Transcriptome analysis identifies mTOR as one of the top signaling pathways affected in the bag3^e2/e2 mutant. (A) Numbers of differentially expressed (DE) genes between bag3^e2/e2 mutant hearts and WT control with a cutoff of adjusted P<0.05. (B) Heat map presenting the expression of 5361 DE genes between the bag3^e2/e2 mutant and WT control. Gene expression levels are shown in log₁₀ [reads per kilobase per million reads (RPKM)]. (C) The top 10 DE gene enriched pathways with significant P-values suggested by IPA. The red column shows that the mTOR pathway was one of the top pathways altered and was subsequently experimentally tested. (D) Representative western blot images and quantification analysis of the expression levels of mTOR downstream proteins. LC3-II protein was examined in heart tissues from fish treated with 50 nM bafilomycin A1 for 4 h. n=4 biological replicates, Student's t-test. Data are mean±s.e.m.

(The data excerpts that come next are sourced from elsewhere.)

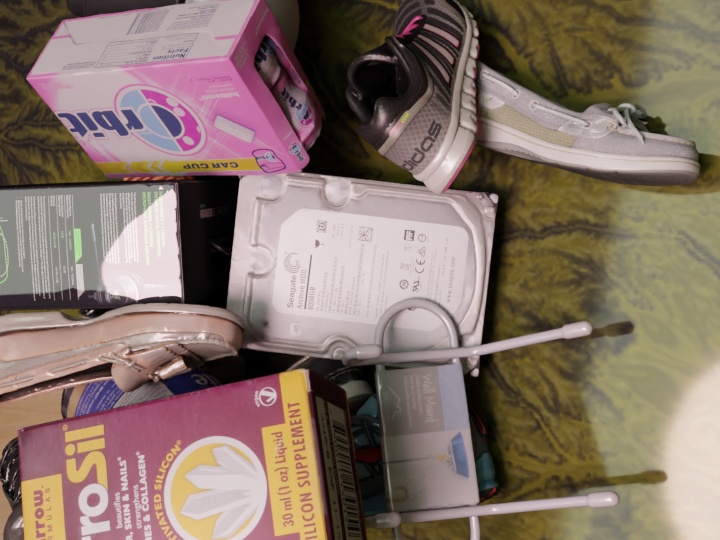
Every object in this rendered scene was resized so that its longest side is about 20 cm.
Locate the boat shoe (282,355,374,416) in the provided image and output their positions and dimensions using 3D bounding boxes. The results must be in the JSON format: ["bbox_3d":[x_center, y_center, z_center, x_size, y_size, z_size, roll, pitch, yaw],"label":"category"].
[{"bbox_3d":[-0.075,0.129,0.913,0.200,0.074,0.061,-41,62,28],"label":"boat shoe"}]

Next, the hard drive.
[{"bbox_3d":[0.000,0.000,0.846,0.198,0.038,0.141,7,91,5],"label":"hard drive"}]

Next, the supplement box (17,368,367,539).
[{"bbox_3d":[-0.104,0.149,0.710,0.198,0.103,0.132,-13,74,11],"label":"supplement box"}]

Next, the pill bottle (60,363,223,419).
[{"bbox_3d":[-0.130,0.138,0.841,0.199,0.111,0.113,37,106,32],"label":"pill bottle"}]

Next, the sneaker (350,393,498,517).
[{"bbox_3d":[0.010,0.147,0.869,0.198,0.079,0.097,-12,76,20],"label":"sneaker"}]

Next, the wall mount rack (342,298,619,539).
[{"bbox_3d":[0.078,0.110,0.773,0.172,0.075,0.202,-5,78,-7],"label":"wall mount rack"}]

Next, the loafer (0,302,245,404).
[{"bbox_3d":[-0.178,0.065,0.801,0.198,0.072,0.064,-3,65,14],"label":"loafer"}]

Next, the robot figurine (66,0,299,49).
[{"bbox_3d":[-0.145,-0.210,0.910,0.198,0.150,0.126,18,111,27],"label":"robot figurine"}]

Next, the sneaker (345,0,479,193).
[{"bbox_3d":[0.034,-0.149,0.812,0.074,0.087,0.201,-44,32,40],"label":"sneaker"}]

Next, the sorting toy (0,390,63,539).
[{"bbox_3d":[-0.305,0.206,1.050,0.198,0.069,0.201,-1,87,31],"label":"sorting toy"}]

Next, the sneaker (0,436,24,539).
[{"bbox_3d":[-0.241,0.166,0.841,0.091,0.200,0.076,41,87,-2],"label":"sneaker"}]

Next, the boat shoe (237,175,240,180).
[{"bbox_3d":[-0.051,-0.051,0.912,0.067,0.072,0.201,-26,83,-5],"label":"boat shoe"}]

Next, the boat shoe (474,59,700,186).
[{"bbox_3d":[0.148,-0.105,0.792,0.201,0.074,0.065,20,98,38],"label":"boat shoe"}]

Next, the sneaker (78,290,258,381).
[{"bbox_3d":[-0.172,0.055,0.975,0.199,0.074,0.080,11,128,36],"label":"sneaker"}]

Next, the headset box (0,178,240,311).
[{"bbox_3d":[-0.195,-0.024,0.880,0.198,0.174,0.094,-2,95,9],"label":"headset box"}]

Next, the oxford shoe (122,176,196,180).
[{"bbox_3d":[-0.179,-0.090,0.996,0.071,0.073,0.202,-20,95,9],"label":"oxford shoe"}]

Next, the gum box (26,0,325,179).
[{"bbox_3d":[-0.131,-0.131,0.824,0.198,0.114,0.067,1,54,30],"label":"gum box"}]

Genetic testing reveals the therapeutic effects of mtor^+/− on bag3 cardiomyopathy. (A) Western blot and quantification analysis of ribosomal S6 protein (p-S6), LC3-II and ubiquitinated proteins in the bag3^e2/e2;mtor^+/− double mutants compared with their corresponding single mutants and the WT control at 6 months. LC3-II protein was examined in heart tissues dissected from fish treated with 50 nM bafilomycin A1 for 4 h. n=4 biological replicates, one-way ANOVA. (B) Representative H&E staining images from the apex area and quantification of the trabecular muscle density from the bag3^e2/e2;mtor^+/− double mutants and their corresponding single mutants and WT controls at 6 months. n=4-10, one-way ANOVA. (C) TEM images and quantification analysis of bag3^e2/e2;mtor^+/− mutants at 6 months compared with their siblings harboring either single mutants or the WT control. Yellow asterisks indicate regions of myofibril degeneration. Red arrows indicate mitochondria with abnormal swelling. (D) Percent EF and FS of bag3^e2/e2;mtor^+/− double mutant fish at 6 months compared with their corresponding single mutants and the WT control. n=12-20, one-way ANOVA. (E) Kaplan–Meier survival curves of the bag3^e2/e2;mtor^+/− double mutants compared with their corresponding single mutants and the WT control. n=18-44, log-rank test. Scale bars: 100 µm in B; 2 µm in C. Data are mean±s.e.m.